Snelling and Pre-snelling Hooks
first id like to thank the new zealand kite fishing website, and power pro website for the illustrations.
When Bottom fishing, I like using snelled hooks. Not the store-bought snells, but home-snelled.
I like the snell because this method of attatching terminal tackle allows you to create a strong and straight knot that tightens up when you have a large fish on. When tied correctly, the Knot doesn't slip. Tying your hook directly to the leader also eliminates loss of catches due to faulty snap swivels. (I see way too many people putting a snap on end of leader and attatching a hook that way!) I also use almost exclusively circle hooks.

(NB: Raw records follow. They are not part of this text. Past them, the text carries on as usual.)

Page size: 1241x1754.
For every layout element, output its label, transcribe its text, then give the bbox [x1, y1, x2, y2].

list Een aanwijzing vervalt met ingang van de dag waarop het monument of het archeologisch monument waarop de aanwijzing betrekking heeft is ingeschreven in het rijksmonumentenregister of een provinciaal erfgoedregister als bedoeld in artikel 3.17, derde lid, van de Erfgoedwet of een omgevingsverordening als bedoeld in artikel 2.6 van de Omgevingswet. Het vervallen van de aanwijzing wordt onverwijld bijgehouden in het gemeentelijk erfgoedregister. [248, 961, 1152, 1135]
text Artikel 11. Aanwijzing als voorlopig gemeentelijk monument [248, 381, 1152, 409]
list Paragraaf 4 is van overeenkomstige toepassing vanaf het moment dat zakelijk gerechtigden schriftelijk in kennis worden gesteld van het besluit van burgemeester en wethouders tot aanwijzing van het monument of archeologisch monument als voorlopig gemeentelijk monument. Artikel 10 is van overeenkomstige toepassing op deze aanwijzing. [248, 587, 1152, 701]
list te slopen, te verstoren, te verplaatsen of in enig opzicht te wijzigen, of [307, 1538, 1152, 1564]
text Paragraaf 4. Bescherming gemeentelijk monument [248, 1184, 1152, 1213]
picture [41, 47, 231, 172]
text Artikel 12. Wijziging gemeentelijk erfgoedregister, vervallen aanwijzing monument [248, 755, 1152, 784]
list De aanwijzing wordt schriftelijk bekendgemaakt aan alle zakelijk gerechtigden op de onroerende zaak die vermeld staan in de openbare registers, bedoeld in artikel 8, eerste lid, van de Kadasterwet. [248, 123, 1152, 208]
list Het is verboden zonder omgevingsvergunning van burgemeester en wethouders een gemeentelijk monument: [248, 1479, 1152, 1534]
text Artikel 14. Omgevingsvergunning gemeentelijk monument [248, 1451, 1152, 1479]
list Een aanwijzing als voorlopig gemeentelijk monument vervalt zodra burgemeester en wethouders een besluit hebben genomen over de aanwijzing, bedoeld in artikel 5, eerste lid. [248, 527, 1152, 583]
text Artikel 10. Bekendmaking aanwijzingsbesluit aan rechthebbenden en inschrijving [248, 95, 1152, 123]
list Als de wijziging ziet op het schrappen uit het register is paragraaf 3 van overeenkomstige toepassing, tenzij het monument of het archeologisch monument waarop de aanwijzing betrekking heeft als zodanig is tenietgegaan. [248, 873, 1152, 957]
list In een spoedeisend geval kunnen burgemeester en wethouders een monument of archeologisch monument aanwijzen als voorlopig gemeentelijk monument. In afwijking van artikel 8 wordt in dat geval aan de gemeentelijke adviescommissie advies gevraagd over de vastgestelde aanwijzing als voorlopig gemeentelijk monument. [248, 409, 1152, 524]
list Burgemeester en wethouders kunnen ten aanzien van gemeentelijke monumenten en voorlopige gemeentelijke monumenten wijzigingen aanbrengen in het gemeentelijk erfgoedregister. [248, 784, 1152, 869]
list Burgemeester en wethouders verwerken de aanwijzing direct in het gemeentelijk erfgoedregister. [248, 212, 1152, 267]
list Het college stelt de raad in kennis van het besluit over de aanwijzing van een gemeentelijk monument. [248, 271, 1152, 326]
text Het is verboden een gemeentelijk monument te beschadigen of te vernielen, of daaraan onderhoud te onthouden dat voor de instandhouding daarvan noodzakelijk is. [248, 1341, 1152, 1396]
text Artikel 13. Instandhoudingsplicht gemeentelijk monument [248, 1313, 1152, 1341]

Circle hooks with a snell knot (one of the strongest and simplest fishing hook knots) were found to have the highest catch rate by a considerable margin and caught more than twice as many fish as either O'Shaugnessy and Octopus patterned hooks of the same size. The method of tying fishing hooks was investigated by an independent study group and a difference in catch rate between tying a circle hook versus snelling a circle hook was determined to be around 20% in favor of the snell knot. Besides improved catch rates, the snell knot takes only seconds per hook to tie. The resulting attachment is one of the strongest fishing knots around, whereas tying to the eye of the hook weakens the trace by as much as 40% (depending on the knot used and the skill of the fisherman tying the knot).
See the diagrams below on snelling a hook.

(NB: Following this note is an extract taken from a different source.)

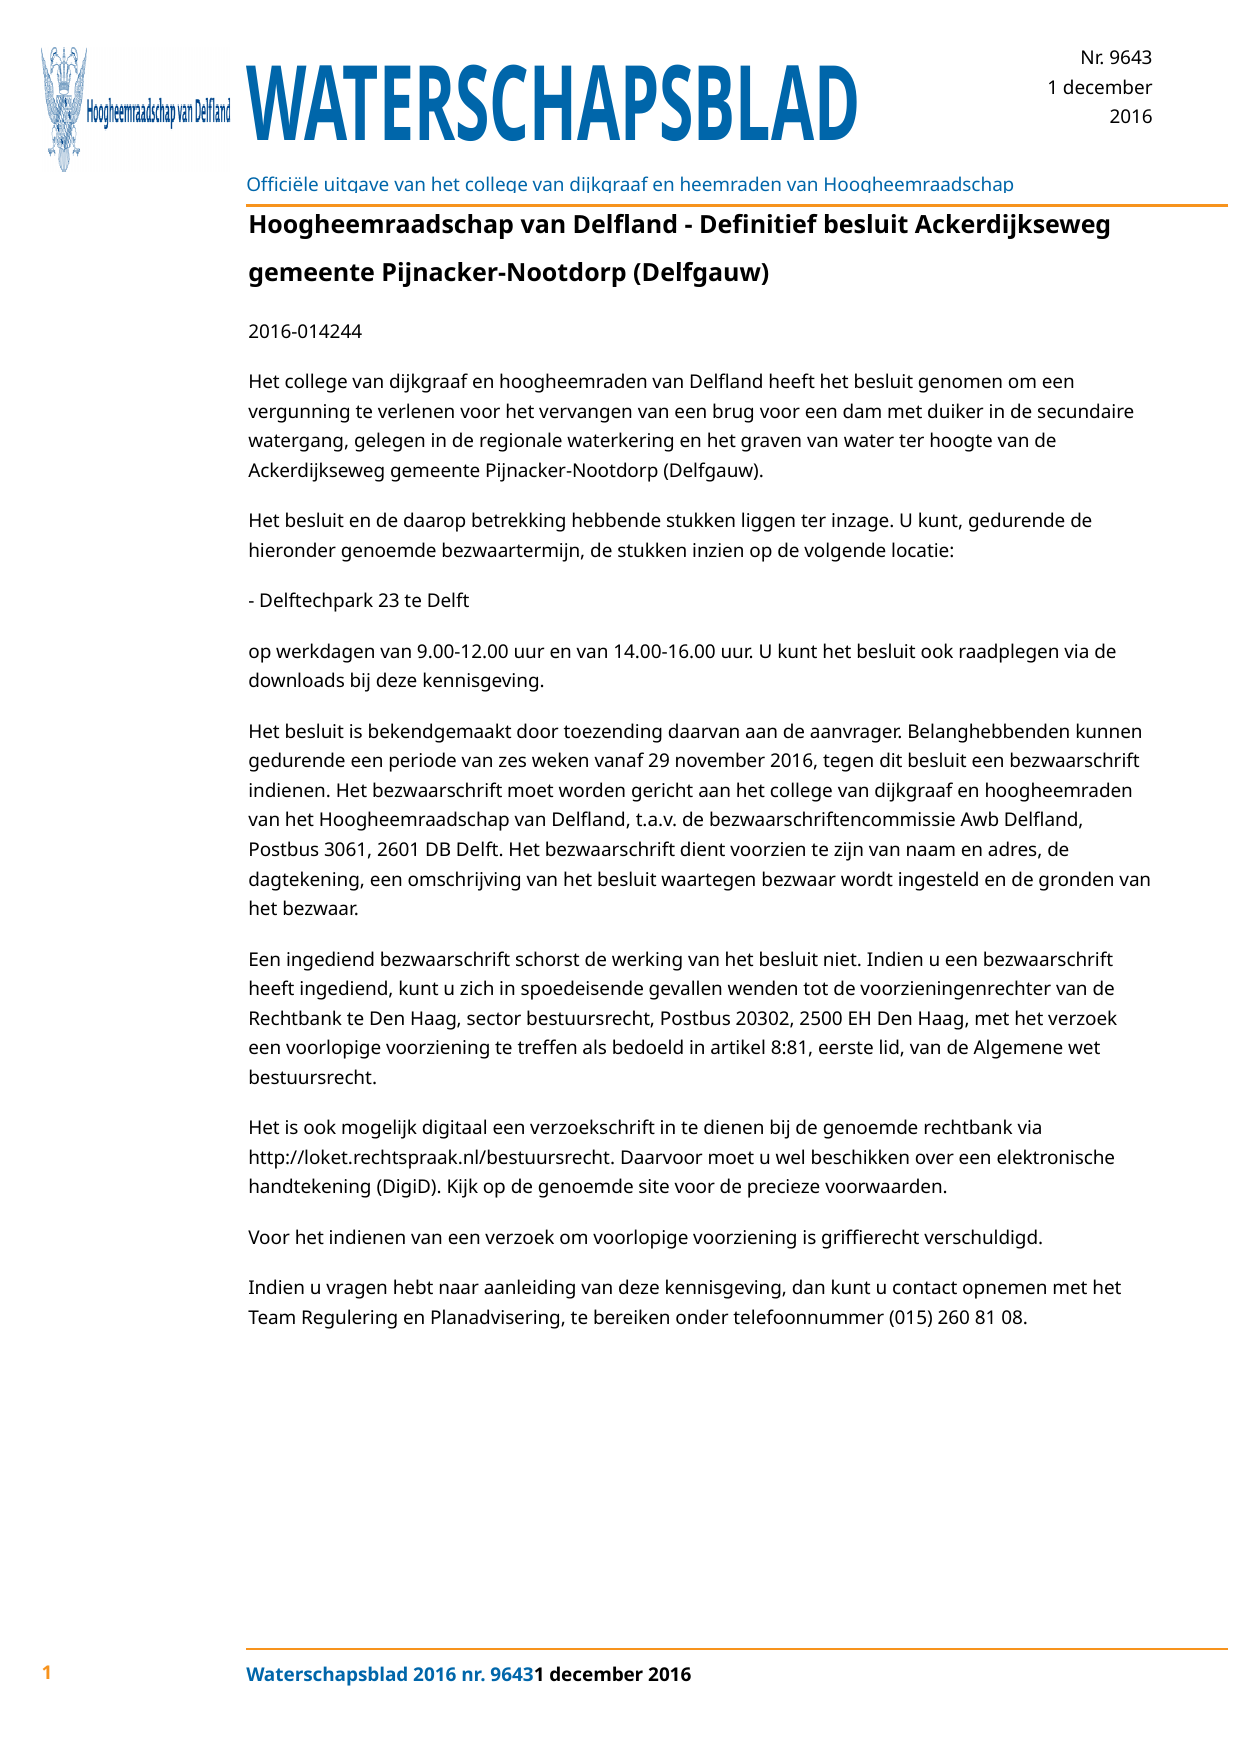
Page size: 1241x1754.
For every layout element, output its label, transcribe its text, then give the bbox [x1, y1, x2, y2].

here's how I pre-rig, note, you must have both ends of the leader "open":
- First pass the trace through the eye of the hook from the front of the hook. Only pass it through about half an inch, maybe an inch.
- Hold the shank of the hook and the half inch tag end and wrap the trace around both the shank of the hook and the tag end 7 to 9 turns. keep them tight and close!
- Pass the trace back down through the eye of the hook from the back of the hook.
- Pull the trace tight while holding the hook to set the snell. There should be very little or no tag end protruding when the knot is set, but when first starting, it's normal to have a little left over. in fact, i do this on purpose, just incase I didn't quite set the snell tight enough. :)
If the hook curls up towards the trace you have snelled the hook correctly. It is believed that snelling a hook like this makes the trace act as a spring and improves the hook up rate and also prevents the fish from throwing the hook.
Here's how I replace a break-off using the uni-knot, only one end need be "open":
Thread about six inches of line through the eye of the hook.
Hold the line against the hook's shank, and form a Uni-Knot circle.
Make five to seven turns through the loop and around the standing line and hook's shank.
Tighten by pulling the standing line in one direction and the tag end in the other.
You can also snell multiple hooks in tandem:
Once you have perfected snelling a hook, it is very simple to make up a two hook trace.
Simply snell the first hook on, then pass the end of the trace through the back of the second hook and you're ready to snell the second hook on.
Set the distance between the hooks at about two thirds of the length of the bait fish you intend to use before snelling the second hook (if you want two hooks in a large bait) or any distance if you just want multiple small baits... better for one big bait though!
When tying a two hook "pilchard rig", it has been found found that keeping the hooks in line further improves both your catch rate and the ability of the rig to hold soft baits and/or live baits.
If using whole baits, put one hook through the head and the other hook through the body behind the gut cavity and make sure the second hook goes around the spine of the bait fish.
(The head of the bait should be on the bottom hook.)
A quick word on the uni-knot:
The uni knot was developed by Vic Dunaway as a knot that a fisherman could, in all certainty, use for nearly any situation. illustrated above for snelling
attatching terminal tackle
even splicing lines or attaching a leader to braid.
just remember to wet the knot before tightening!